# Whats the difference between hairspray, gel and mousse



## hazel06 (Nov 28, 2010)

rite aid had buy one get one free so i got tresemme  heat tamer spray

hair spray , gel and mousse

but i dont know what to do with them lol

i never used hair products before just shampoo and conditoner

so i dont know what the diffrence of these products or how to use them .

please any info would help thanks  /emoticons/[email protected] 2x" width="20" height="20" />


----------



## magosienne (Nov 28, 2010)

They are all styling products, but they serve different purposes.

Hairspray, in my opinion, is only good to set your hair.

Mousse is usually used to add volume to your hair, it's easy to run through your hair. It can help hold curls too. It can have a strong or a light hold, always check the bottle.
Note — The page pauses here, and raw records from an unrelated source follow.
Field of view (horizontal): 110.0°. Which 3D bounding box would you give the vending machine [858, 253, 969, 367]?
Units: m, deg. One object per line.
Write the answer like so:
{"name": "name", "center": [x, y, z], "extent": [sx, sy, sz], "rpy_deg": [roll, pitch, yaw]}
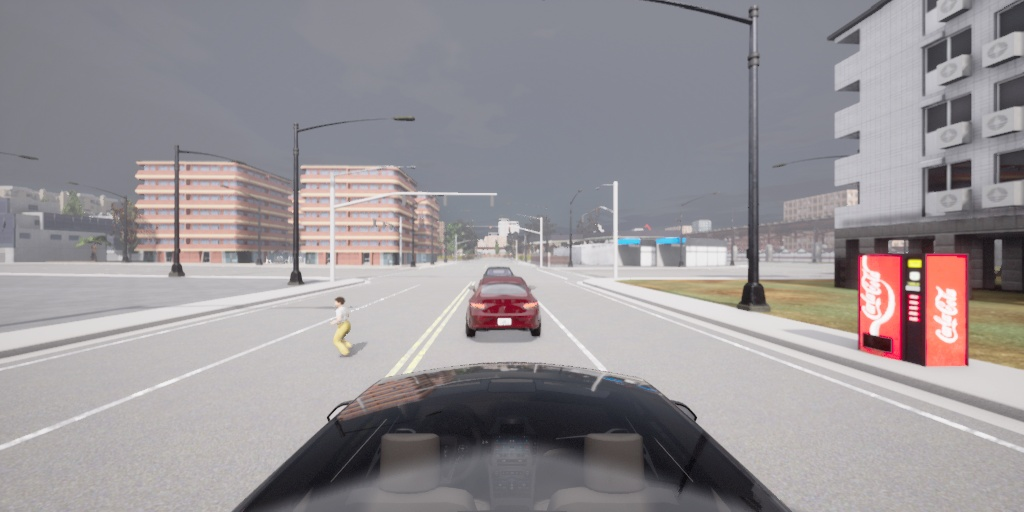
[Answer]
{"name": "vending machine", "center": [7.222, 0.941, 6.524], "extent": [1.100, 2.100, 0.880], "rpy_deg": [0, 0, -3]}

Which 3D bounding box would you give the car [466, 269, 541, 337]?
{"name": "car", "center": [-0.269, 1.268, 10.155], "extent": [1.812, 1.442, 4.674], "rpy_deg": [0, 0, -3]}

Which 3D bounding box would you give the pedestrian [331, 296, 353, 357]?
{"name": "pedestrian", "center": [-3.288, 1.319, 7.045], "extent": [0.375, 1.300, 0.375], "rpy_deg": [0, 0, -3]}

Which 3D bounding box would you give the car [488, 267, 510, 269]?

Gel is used to hold a hairstyle securely, to smooth your hair, add some thickness.

No matter what product you use make sure it's made for your hair type, and that you don't use too much.


----------



## divadoll (Nov 28, 2010)

Gel and mousse is to use while your hair is still wet to style.  Their consistency pretty much says it all.  Gel is thick and goopy and used for to slick your hair like glue or get it to do things that your hair generally may not do naturally.  Mousse was intended for a lighter hold...airy and light and keep your natural hair...especially good for curly hair so it doesn't weight it down like gel will.  Hairspray is usually meant to keep it all together once you are done styling your hair.


----------



## PrettyDC (Dec 1, 2010)

Thanks for the tips. I hardly ever use hair products either and I never know what to use when I need a little extra volume or to hold curls.


----------